• Your goal:
For this exercise, return only the lines in the records below from the one holding "Nice, next up: oriented 3D boxes around every game" through the one holding "0.205 0.203 1.289", including both, exactly as they appear and without pictures.

** Information supplied follows **

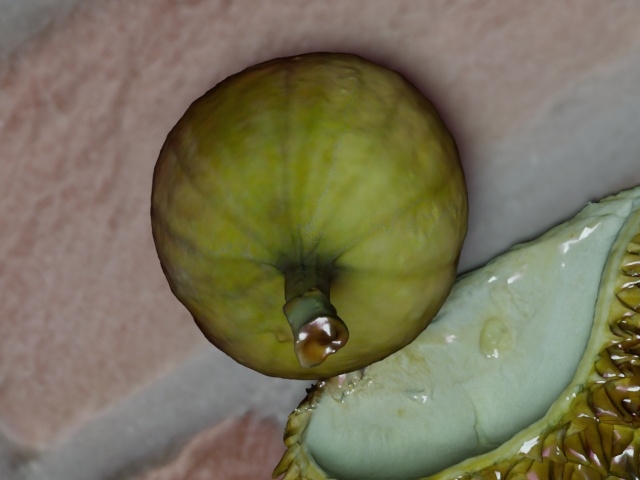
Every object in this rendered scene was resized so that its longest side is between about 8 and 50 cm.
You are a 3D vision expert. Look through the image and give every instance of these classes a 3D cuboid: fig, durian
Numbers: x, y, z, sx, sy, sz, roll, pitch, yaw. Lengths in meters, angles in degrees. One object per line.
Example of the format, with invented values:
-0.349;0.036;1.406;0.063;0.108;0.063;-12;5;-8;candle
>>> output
0.012;0.001;0.903;0.143;0.231;0.160;11;101;-29;fig
0.098;0.075;0.971;0.252;0.144;0.139;-30;59;22;durian
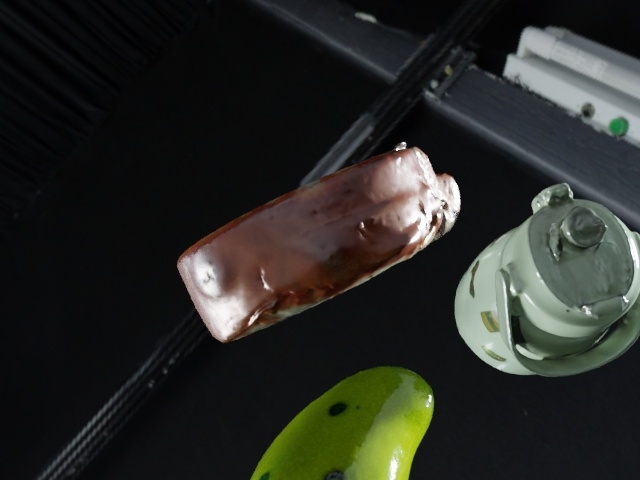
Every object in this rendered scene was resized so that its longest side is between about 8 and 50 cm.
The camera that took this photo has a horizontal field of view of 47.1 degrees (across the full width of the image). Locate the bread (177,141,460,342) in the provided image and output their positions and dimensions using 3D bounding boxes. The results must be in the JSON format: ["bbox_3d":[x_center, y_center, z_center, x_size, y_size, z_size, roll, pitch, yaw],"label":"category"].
[{"bbox_3d":[-0.004,0.002,0.808,0.295,0.327,0.114,-25,-88,21],"label":"bread"}]

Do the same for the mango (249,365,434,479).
[{"bbox_3d":[0.019,0.252,0.785,0.175,0.143,0.293,-2,-141,44],"label":"mango"}]

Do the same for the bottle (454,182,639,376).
[{"bbox_3d":[0.320,0.070,1.001,0.229,0.352,0.229,0,-107,-1],"label":"bottle"}]
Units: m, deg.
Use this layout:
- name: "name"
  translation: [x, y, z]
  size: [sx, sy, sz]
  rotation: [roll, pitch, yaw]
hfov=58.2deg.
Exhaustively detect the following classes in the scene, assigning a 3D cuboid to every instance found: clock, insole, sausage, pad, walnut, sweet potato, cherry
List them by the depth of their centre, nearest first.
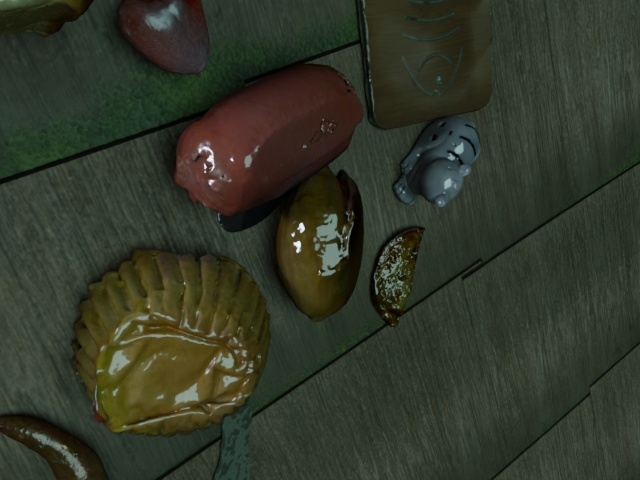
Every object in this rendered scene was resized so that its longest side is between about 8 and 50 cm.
- name: "cherry"
  translation: [-0.191, -0.263, 0.698]
  size: [0.106, 0.087, 0.126]
  rotation: [-32, 135, -30]
- name: "sweet potato"
  translation: [-0.324, 0.313, 0.762]
  size: [0.078, 0.058, 0.255]
  rotation: [-26, 111, -3]
- name: "sausage"
  translation: [-0.064, -0.139, 0.769]
  size: [0.280, 0.152, 0.152]
  rotation: [-36, 118, -27]
- name: "walnut"
  translation: [0.000, 0.000, 0.856]
  size: [0.137, 0.137, 0.245]
  rotation: [-2, 101, -32]
- name: "insole"
  translation: [-0.062, -0.096, 0.867]
  size: [0.232, 0.003, 0.080]
  rotation: [-40, 119, -19]
- name: "insole"
  translation: [-0.140, 0.351, 0.917]
  size: [0.065, 0.006, 0.193]
  rotation: [1, 100, -32]
- name: "pad"
  translation: [0.185, -0.344, 0.960]
  size: [0.287, 0.018, 0.284]
  rotation: [-17, 110, -29]
- name: "clock"
  translation: [0.213, -0.133, 0.967]
  size: [0.080, 0.117, 0.176]
  rotation: [42, 77, -33]

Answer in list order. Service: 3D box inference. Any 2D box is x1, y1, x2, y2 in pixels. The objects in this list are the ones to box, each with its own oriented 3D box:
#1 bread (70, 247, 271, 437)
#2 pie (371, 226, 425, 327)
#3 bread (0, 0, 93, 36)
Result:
- name: "bread"
  translation: [-0.182, 0.145, 0.761]
  size: [0.274, 0.149, 0.274]
  rotation: [-9, 109, -25]
- name: "pie"
  translation: [0.131, 0.062, 1.011]
  size: [0.088, 0.033, 0.191]
  rotation: [13, 94, -30]
- name: "bread"
  translation: [-0.293, -0.339, 0.473]
  size: [0.143, 0.333, 0.323]
  rotation: [-16, 113, -26]
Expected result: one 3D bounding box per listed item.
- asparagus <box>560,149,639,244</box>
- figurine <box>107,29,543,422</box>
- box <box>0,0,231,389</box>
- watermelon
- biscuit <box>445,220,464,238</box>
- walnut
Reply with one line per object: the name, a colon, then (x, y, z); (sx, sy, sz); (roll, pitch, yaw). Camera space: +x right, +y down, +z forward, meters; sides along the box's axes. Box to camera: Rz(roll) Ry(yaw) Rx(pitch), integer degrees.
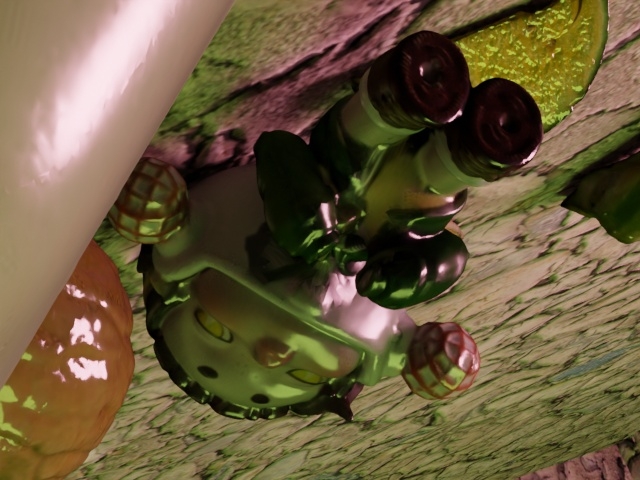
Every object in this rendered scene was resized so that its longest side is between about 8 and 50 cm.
asparagus: (0.352, -0.090, 1.431); (0.082, 0.085, 0.343); (23, 138, -35)
figurine: (0.000, 0.000, 1.071); (0.281, 0.167, 0.370); (29, 141, -13)
box: (-0.112, -0.073, 0.524); (0.349, 0.141, 0.289); (-64, -173, -34)
watermelon: (0.111, -0.114, 1.116); (0.181, 0.075, 0.092); (-24, 119, -4)
biscuit: (0.058, 0.022, 1.472); (0.152, 0.020, 0.152); (-22, 163, -7)
walnut: (-0.216, 0.050, 0.891); (0.228, 0.228, 0.228); (-22, 163, -7)
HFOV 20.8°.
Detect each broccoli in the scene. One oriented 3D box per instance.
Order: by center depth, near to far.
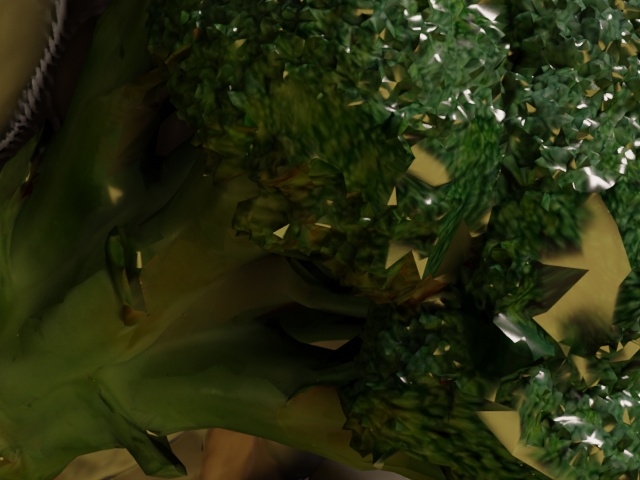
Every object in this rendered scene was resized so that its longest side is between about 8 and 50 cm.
[{"bbox_3d":[0.000,0.000,0.537,0.269,0.269,0.254,-51,135,1],"label":"broccoli"}]

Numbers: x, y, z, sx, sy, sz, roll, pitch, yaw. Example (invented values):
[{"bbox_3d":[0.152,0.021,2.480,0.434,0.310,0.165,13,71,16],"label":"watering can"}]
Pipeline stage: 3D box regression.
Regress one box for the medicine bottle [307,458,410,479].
[{"bbox_3d":[0.043,0.118,0.759,0.140,0.079,0.079,-23,133,-29],"label":"medicine bottle"}]
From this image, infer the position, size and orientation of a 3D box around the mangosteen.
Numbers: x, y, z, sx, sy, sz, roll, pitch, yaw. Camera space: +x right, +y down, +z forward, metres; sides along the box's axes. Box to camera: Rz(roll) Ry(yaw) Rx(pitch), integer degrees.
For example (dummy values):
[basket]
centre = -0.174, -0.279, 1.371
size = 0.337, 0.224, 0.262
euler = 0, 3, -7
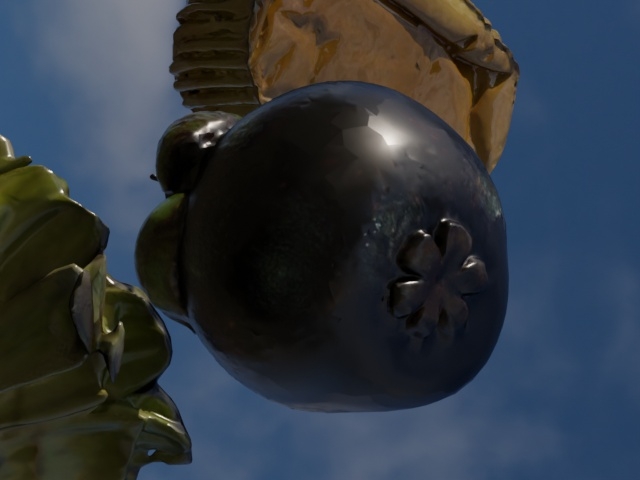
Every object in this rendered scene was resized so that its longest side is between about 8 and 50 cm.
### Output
[mangosteen]
centre = 0.000, 0.000, 1.164
size = 0.243, 0.243, 0.243
euler = -26, -124, 47

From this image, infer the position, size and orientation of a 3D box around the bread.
[bread]
centre = 0.017, -0.147, 1.536
size = 0.156, 0.288, 0.204
euler = 11, -96, 57

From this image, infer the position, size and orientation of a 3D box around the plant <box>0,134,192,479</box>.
[plant]
centre = -0.200, 0.077, 0.880
size = 0.261, 0.297, 0.306
euler = -31, -91, 16
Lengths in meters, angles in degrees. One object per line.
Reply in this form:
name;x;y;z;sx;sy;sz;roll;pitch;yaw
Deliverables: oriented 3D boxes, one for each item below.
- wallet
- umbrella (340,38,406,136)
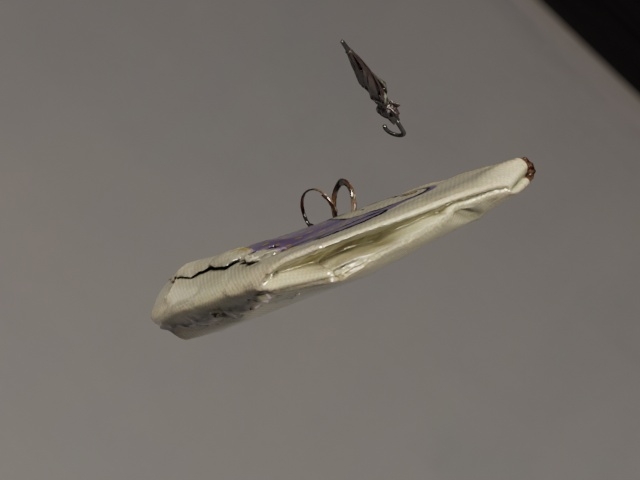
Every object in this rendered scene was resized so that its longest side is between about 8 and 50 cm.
wallet;0.002;0.002;1.404;0.275;0.068;0.335;-29;7;-36
umbrella;0.037;-0.098;1.087;0.013;0.022;0.122;-70;-25;-19
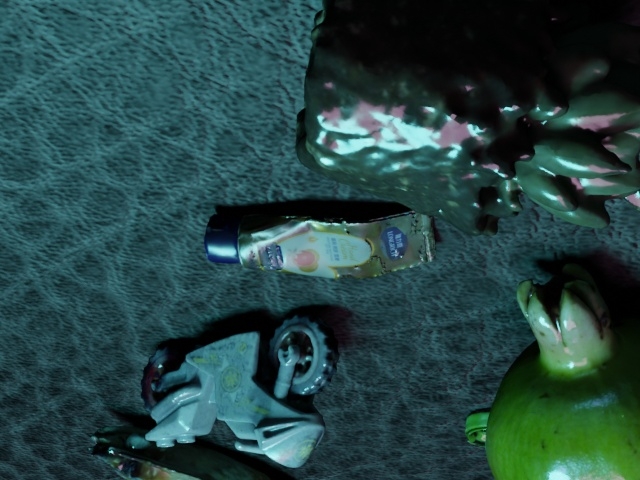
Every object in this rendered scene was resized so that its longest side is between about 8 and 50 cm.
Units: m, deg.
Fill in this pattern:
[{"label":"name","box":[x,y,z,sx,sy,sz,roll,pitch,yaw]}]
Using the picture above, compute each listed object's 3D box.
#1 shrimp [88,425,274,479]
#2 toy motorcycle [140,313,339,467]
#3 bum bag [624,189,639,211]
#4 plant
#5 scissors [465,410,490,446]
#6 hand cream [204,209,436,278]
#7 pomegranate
[{"label":"shrimp","box":[-0.140,0.251,1.652,0.164,0.062,0.317,-10,151,37]},{"label":"toy motorcycle","box":[-0.066,0.134,1.330,0.215,0.122,0.080,-16,160,39]},{"label":"bum bag","box":[0.262,-0.017,1.003,0.102,0.069,0.248,-24,159,18]},{"label":"plant","box":[0.086,-0.079,0.867,0.194,0.129,0.132,12,155,0]},{"label":"scissors","box":[0.226,0.165,1.416,0.204,0.027,0.101,-16,148,43]},{"label":"hand cream","box":[0.000,0.000,1.145,0.163,0.039,0.062,0,136,11]},{"label":"pomegranate","box":[0.201,0.129,1.189,0.179,0.179,0.210,-11,147,33]}]
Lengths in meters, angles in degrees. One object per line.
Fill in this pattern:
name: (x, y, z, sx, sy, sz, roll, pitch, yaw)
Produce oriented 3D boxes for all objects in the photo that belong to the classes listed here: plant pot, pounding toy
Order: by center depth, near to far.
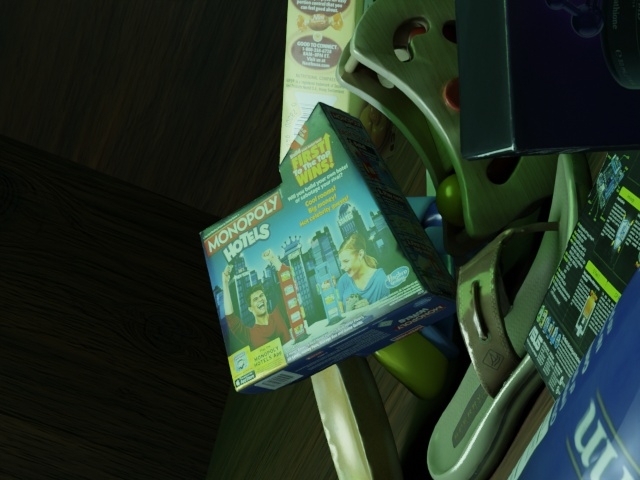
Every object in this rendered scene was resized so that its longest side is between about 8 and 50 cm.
pounding toy: (0.106, -0.133, 1.127, 0.155, 0.154, 0.270, 128, 130, -74)
plant pot: (0.032, 0.167, 1.231, 0.236, 0.032, 0.236, 164, 90, -83)

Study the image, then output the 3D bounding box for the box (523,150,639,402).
box: (0.187, 0.014, 0.847, 0.191, 0.045, 0.184, -97, 31, -78)

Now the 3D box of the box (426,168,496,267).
box: (0.171, -0.143, 1.402, 0.322, 0.058, 0.232, -85, 17, -62)

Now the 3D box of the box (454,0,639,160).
box: (0.158, -0.173, 0.666, 0.103, 0.184, 0.261, -174, 80, -81)

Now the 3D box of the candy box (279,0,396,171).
candy box: (0.031, -0.240, 1.629, 0.183, 0.087, 0.317, -33, -51, -65)

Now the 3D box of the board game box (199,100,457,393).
board game box: (0.000, 0.000, 1.141, 0.194, 0.060, 0.194, -29, 61, 29)

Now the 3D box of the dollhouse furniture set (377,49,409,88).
dollhouse furniture set: (0.138, -0.281, 1.689, 0.301, 0.151, 0.198, -83, 15, -65)

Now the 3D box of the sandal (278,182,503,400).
sandal: (0.064, 0.011, 1.283, 0.138, 0.126, 0.317, -43, 40, 2)

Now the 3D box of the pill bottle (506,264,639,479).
pill bottle: (0.142, 0.096, 0.472, 0.153, 0.153, 0.265, -79, 11, -57)

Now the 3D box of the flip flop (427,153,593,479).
flip flop: (0.126, 0.060, 1.032, 0.112, 0.080, 0.277, -81, 14, -62)
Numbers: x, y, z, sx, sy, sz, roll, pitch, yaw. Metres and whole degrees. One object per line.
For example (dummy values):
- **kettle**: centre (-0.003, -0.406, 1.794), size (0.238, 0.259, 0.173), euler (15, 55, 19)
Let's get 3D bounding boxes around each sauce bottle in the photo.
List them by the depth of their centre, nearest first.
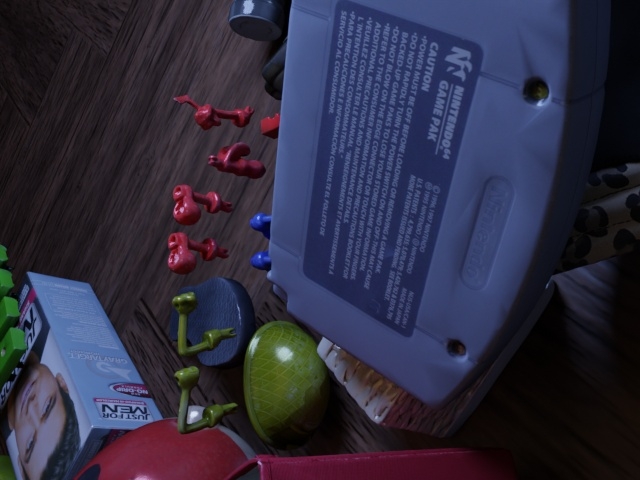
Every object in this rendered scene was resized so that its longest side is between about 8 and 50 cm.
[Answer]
- **sauce bottle**: centre (-0.057, -0.433, 0.904), size (0.111, 0.111, 0.344), euler (-2, 74, 47)

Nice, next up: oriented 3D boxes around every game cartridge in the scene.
- **game cartridge**: centre (0.058, -0.040, 0.436), size (0.196, 0.060, 0.294), euler (33, 131, 32)

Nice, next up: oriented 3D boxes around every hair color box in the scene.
- **hair color box**: centre (-0.372, 0.223, 1.015), size (0.374, 0.114, 0.185), euler (42, 108, 45)

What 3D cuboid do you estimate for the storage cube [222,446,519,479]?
- **storage cube**: centre (0.026, 0.256, 0.480), size (0.183, 0.193, 0.214), euler (131, 139, -52)

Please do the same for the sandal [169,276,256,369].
- **sandal**: centre (-0.119, 0.091, 0.816), size (0.254, 0.055, 0.097), euler (5, 81, 66)

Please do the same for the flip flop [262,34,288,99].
- **flip flop**: centre (0.002, -0.180, 0.705), size (0.112, 0.080, 0.277), euler (-57, 7, 8)

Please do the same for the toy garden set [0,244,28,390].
- **toy garden set**: centre (-0.508, 0.157, 1.068), size (0.203, 0.049, 0.244), euler (-53, 45, 17)

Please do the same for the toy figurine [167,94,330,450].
- **toy figurine**: centre (0.000, 0.000, 0.646), size (0.217, 0.191, 0.362), euler (-18, 65, 37)

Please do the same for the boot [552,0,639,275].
- **boot**: centre (0.223, -0.155, 0.456), size (0.378, 0.138, 0.284), euler (-20, 92, 1)

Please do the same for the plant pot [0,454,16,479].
- **plant pot**: centre (-0.585, 0.480, 1.086), size (0.227, 0.207, 0.228), euler (13, 88, 48)

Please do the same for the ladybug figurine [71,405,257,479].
- **ladybug figurine**: centre (-0.185, 0.380, 0.663), size (0.305, 0.162, 0.448), euler (3, 71, 22)

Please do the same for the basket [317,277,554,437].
- **basket**: centre (0.090, 0.065, 0.579), size (0.113, 0.103, 0.167), euler (45, 109, 44)
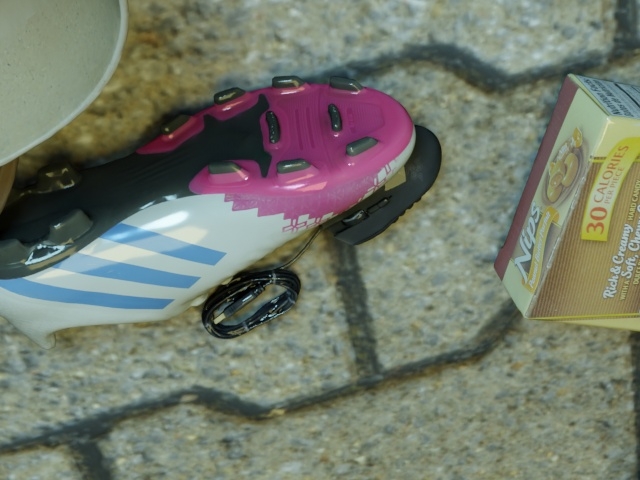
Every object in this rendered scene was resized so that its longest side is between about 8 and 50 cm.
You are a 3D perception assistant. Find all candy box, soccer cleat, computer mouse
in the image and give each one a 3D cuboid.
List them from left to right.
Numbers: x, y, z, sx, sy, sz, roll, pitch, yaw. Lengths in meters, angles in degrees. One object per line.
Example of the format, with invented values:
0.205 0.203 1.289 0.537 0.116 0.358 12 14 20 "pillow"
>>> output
-0.088 -0.016 0.835 0.331 0.116 0.143 -17 138 -1 "soccer cleat"
0.000 0.000 0.895 0.242 0.041 0.071 -44 121 14 "computer mouse"
0.323 -0.015 0.939 0.316 0.087 0.183 7 119 -18 "candy box"

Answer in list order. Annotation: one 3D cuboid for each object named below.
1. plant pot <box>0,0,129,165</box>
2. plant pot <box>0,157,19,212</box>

** End of Information supplied **

• Response:
Nice, next up: oriented 3D boxes around every game cartridge in the scene.
- **game cartridge**: centre (0.058, -0.040, 0.436), size (0.196, 0.060, 0.294), euler (33, 131, 32)

Nice, next up: oriented 3D boxes around every hair color box in the scene.
- **hair color box**: centre (-0.372, 0.223, 1.015), size (0.374, 0.114, 0.185), euler (42, 108, 45)

What 3D cuboid do you estimate for the storage cube [222,446,519,479]?
- **storage cube**: centre (0.026, 0.256, 0.480), size (0.183, 0.193, 0.214), euler (131, 139, -52)

Please do the same for the sandal [169,276,256,369].
- **sandal**: centre (-0.119, 0.091, 0.816), size (0.254, 0.055, 0.097), euler (5, 81, 66)

Please do the same for the flip flop [262,34,288,99].
- **flip flop**: centre (0.002, -0.180, 0.705), size (0.112, 0.080, 0.277), euler (-57, 7, 8)

Please do the same for the toy garden set [0,244,28,390].
- **toy garden set**: centre (-0.508, 0.157, 1.068), size (0.203, 0.049, 0.244), euler (-53, 45, 17)

Please do the same for the toy figurine [167,94,330,450].
- **toy figurine**: centre (0.000, 0.000, 0.646), size (0.217, 0.191, 0.362), euler (-18, 65, 37)

Please do the same for the boot [552,0,639,275].
- **boot**: centre (0.223, -0.155, 0.456), size (0.378, 0.138, 0.284), euler (-20, 92, 1)

Please do the same for the plant pot [0,454,16,479].
- **plant pot**: centre (-0.585, 0.480, 1.086), size (0.227, 0.207, 0.228), euler (13, 88, 48)

Please do the same for the ladybug figurine [71,405,257,479].
- **ladybug figurine**: centre (-0.185, 0.380, 0.663), size (0.305, 0.162, 0.448), euler (3, 71, 22)

Please do the same for the basket [317,277,554,437].
- **basket**: centre (0.090, 0.065, 0.579), size (0.113, 0.103, 0.167), euler (45, 109, 44)
Every object in this rendered scene was resized so that its longest side is between about 8 and 50 cm.
You are a 3D perception assistant. Find all candy box, soccer cleat, computer mouse
in the image and give each one a 3D cuboid.
List them from left to right.
Numbers: x, y, z, sx, sy, sz, roll, pitch, yaw. Lengths in meters, angles in degrees. One object per line.
Example of the format, with invented values:
0.205 0.203 1.289 0.537 0.116 0.358 12 14 20 "pillow"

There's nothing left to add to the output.